PROBLEM DESCRIPTION ▸
When you reach the line in the listing below that contains "Provide a short", begin returning lines exactly as written, and stop after the line that contains "Your answer should be compact. 1.". Return no other lines.

DATA TO EXAMINE ▸
^^^^
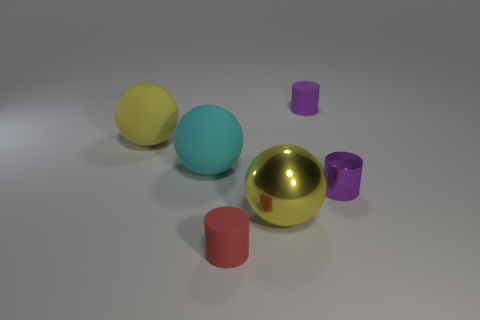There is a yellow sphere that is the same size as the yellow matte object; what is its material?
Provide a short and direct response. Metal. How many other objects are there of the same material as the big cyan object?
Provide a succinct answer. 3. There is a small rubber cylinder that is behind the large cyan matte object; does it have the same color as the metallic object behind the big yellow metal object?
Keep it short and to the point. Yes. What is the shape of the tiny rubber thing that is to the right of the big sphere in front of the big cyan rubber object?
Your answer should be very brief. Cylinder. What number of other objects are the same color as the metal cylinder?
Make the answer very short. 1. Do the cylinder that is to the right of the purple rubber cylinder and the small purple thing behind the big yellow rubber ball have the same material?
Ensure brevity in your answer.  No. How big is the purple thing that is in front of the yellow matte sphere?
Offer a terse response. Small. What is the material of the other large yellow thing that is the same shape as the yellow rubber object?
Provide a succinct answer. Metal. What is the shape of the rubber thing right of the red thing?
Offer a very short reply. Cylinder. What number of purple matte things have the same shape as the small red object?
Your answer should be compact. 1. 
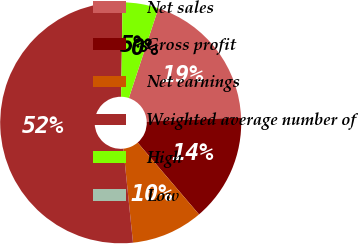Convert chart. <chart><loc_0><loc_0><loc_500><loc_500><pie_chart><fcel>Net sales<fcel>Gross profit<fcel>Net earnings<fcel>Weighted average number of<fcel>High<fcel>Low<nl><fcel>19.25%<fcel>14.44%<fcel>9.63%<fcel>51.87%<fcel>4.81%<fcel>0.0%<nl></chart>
^^^^
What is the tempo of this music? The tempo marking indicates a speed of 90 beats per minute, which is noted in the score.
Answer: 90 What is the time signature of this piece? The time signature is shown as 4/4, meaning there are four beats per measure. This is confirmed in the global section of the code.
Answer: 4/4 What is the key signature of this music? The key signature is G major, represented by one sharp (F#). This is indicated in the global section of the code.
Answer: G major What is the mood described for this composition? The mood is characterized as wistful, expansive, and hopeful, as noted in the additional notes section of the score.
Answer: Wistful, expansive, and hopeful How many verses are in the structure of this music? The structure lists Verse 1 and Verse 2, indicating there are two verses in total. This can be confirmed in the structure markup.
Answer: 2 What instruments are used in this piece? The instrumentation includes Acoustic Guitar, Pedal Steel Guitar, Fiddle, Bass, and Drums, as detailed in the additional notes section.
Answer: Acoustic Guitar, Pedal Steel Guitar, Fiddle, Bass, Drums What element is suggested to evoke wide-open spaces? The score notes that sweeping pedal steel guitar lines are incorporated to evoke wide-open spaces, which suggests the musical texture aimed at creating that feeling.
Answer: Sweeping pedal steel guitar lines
^^^^
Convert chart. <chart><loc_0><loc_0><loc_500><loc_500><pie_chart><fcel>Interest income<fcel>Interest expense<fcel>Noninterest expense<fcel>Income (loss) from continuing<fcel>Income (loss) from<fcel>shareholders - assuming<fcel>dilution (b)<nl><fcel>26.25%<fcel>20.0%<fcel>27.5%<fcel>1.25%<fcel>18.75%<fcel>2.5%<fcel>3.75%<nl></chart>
^^^^
RESULT OF THE TASK ▸
Provide a short and direct response. Metal. How many other objects are there of the same material as the big cyan object?
Provide a succinct answer. 3. There is a small rubber cylinder that is behind the large cyan matte object; does it have the same color as the metallic object behind the big yellow metal object?
Keep it short and to the point. Yes. What is the shape of the tiny rubber thing that is to the right of the big sphere in front of the big cyan rubber object?
Your answer should be very brief. Cylinder. What number of other objects are the same color as the metal cylinder?
Make the answer very short. 1. Do the cylinder that is to the right of the purple rubber cylinder and the small purple thing behind the big yellow rubber ball have the same material?
Ensure brevity in your answer.  No. How big is the purple thing that is in front of the yellow matte sphere?
Offer a terse response. Small. What is the material of the other large yellow thing that is the same shape as the yellow rubber object?
Provide a succinct answer. Metal. What is the shape of the rubber thing right of the red thing?
Offer a very short reply. Cylinder. What number of purple matte things have the same shape as the small red object?
Your answer should be compact. 1. 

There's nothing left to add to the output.